Most of these effects can already be calculated using other methods. In BioVal, elements of existing methods are used and incorporated into the existing calculation model.

Aquatic biodiversity impact assessment method

The current method for calculating biodiversity impacts can so far only be applied to production processes that take place on a land surface. However, many production processes, such as the production of fish from aquacultures, take place in aquatic ecosystems. The limitation of the methodology is related to the lack of a definition of suitable land use classes (e.g. aquaculture, shipping) and associated management parameters, as well as to the calculation structure, which has not yet been adapted for these purposes.

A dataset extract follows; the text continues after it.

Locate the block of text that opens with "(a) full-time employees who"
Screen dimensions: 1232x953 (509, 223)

In order to extend the current method for calculating the biodiversity impact to aquatic biodiversity (marine and limnic), a suitable basic structure is being created in BioVal. In analogy to land use classes, delimitable water use classes are defined (e.g. fishery, aquaculture, tourism) and a list of relevant parameters is developed for each class (e.g. mesh size of nets, antibiotics in aquaculture).

In this way, the assessment of the biodiversity impact can also be carried out on water bodies.
Two workshops with external experts will be held as part of the method development. In addition, input from the living labs and the biodiversity working group will be taken up. The EU Joint Research Center and the UN Life Cycle Initiative will also be involved in method development.

Social values

The aim of this research module is to collect social values on biodiversity and food production and the awareness of the connection between food production and biodiversity in Germany.

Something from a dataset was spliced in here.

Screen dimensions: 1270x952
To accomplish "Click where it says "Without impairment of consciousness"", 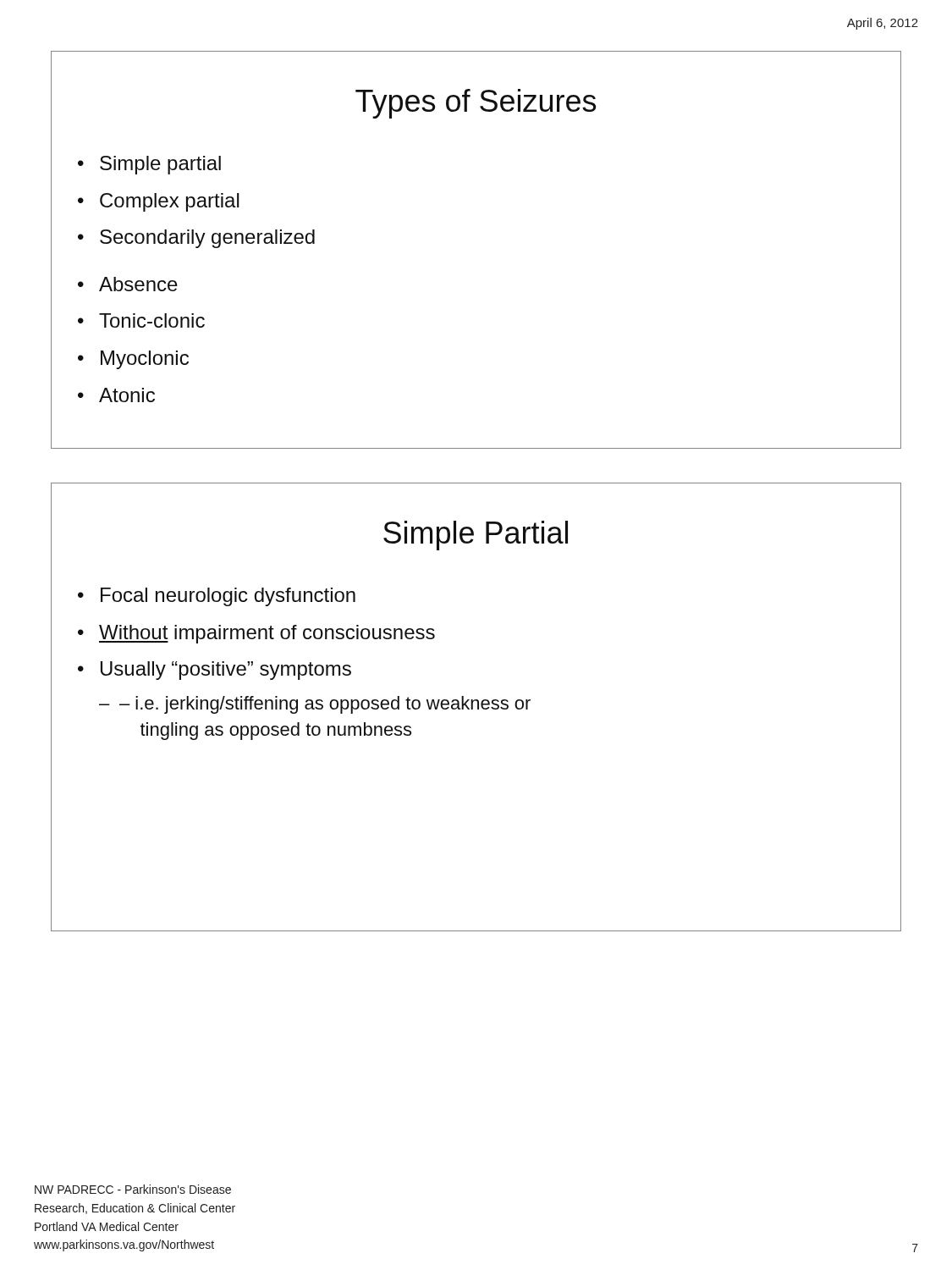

Impact assessment of biodiversity

The aim is to optimise the impact assessment of biodiversity in LCA in a practical way and to add diffuse effects and aquatic biodiversity.

Biodiversity in companies

Together with the companies FRoSTA AG, Alfred Ritter GmbH & Co. KG and Seeberger GmbH, living labs are being used to work out how the effects of corporate and production processes on biodiversity along the food value chain can be better recorded and taken into account in decisions.

Transdisciplinary integration

The goal of transdisciplinary integration is to bring together the knowledge from the three research modules and to develop it further together with the living lab companies and other companies, for example in the biodiversity working group.